■ EXERCISE BRIEF: The answer should match the entries that follow exactly, except that no image appears in it.

(Stored data entries)
+--

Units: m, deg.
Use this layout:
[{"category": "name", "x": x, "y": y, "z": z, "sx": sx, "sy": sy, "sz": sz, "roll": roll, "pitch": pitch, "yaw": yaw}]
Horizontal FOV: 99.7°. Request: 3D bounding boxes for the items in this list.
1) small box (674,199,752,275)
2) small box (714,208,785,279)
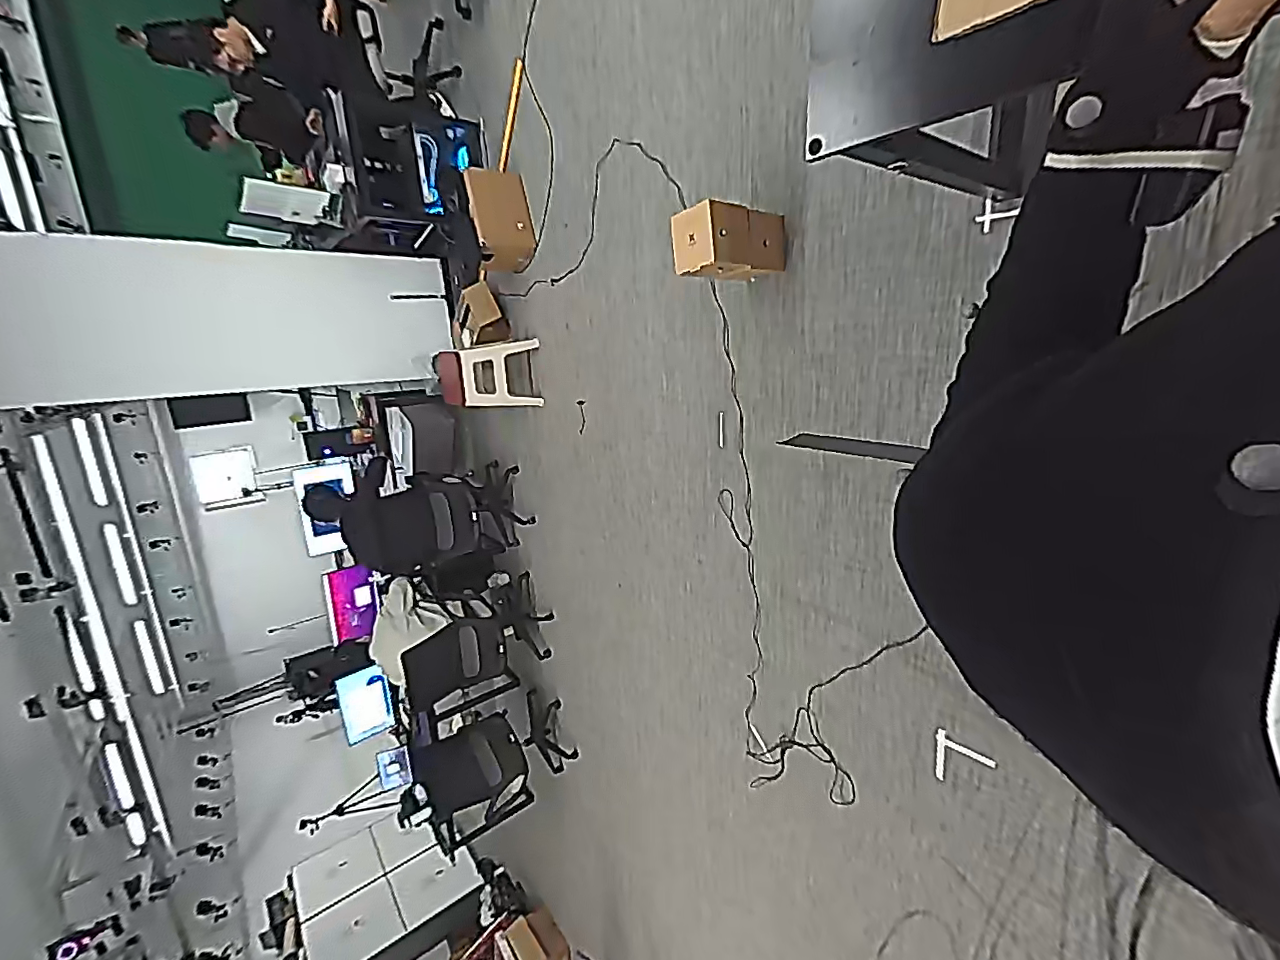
[{"category": "small box", "x": 0.225, "y": -0.730, "z": 1.644, "sx": 0.168, "sy": 0.176, "sz": 0.179, "roll": 5, "pitch": 104, "yaw": 51}, {"category": "small box", "x": 0.353, "y": -0.754, "z": 1.742, "sx": 0.168, "sy": 0.176, "sz": 0.179, "roll": 9, "pitch": 109, "yaw": 51}]

+--

■ OUTPUT OF THE EXERCISE:
Units: m, deg.
Use this layout:
[{"category": "name", "x": x, "y": y, "z": z, "sx": sx, "sy": sy, "sz": sz, "roll": roll, "pitch": pitch, "yaw": yaw}]
Horizontal FOV: 99.7°. Request: 3D bounding boxes for the items in this list.
1) small box (674,199,752,275)
2) small box (714,208,785,279)
[{"category": "small box", "x": 0.225, "y": -0.730, "z": 1.644, "sx": 0.168, "sy": 0.176, "sz": 0.179, "roll": 5, "pitch": 104, "yaw": 51}, {"category": "small box", "x": 0.353, "y": -0.754, "z": 1.742, "sx": 0.168, "sy": 0.176, "sz": 0.179, "roll": 9, "pitch": 109, "yaw": 51}]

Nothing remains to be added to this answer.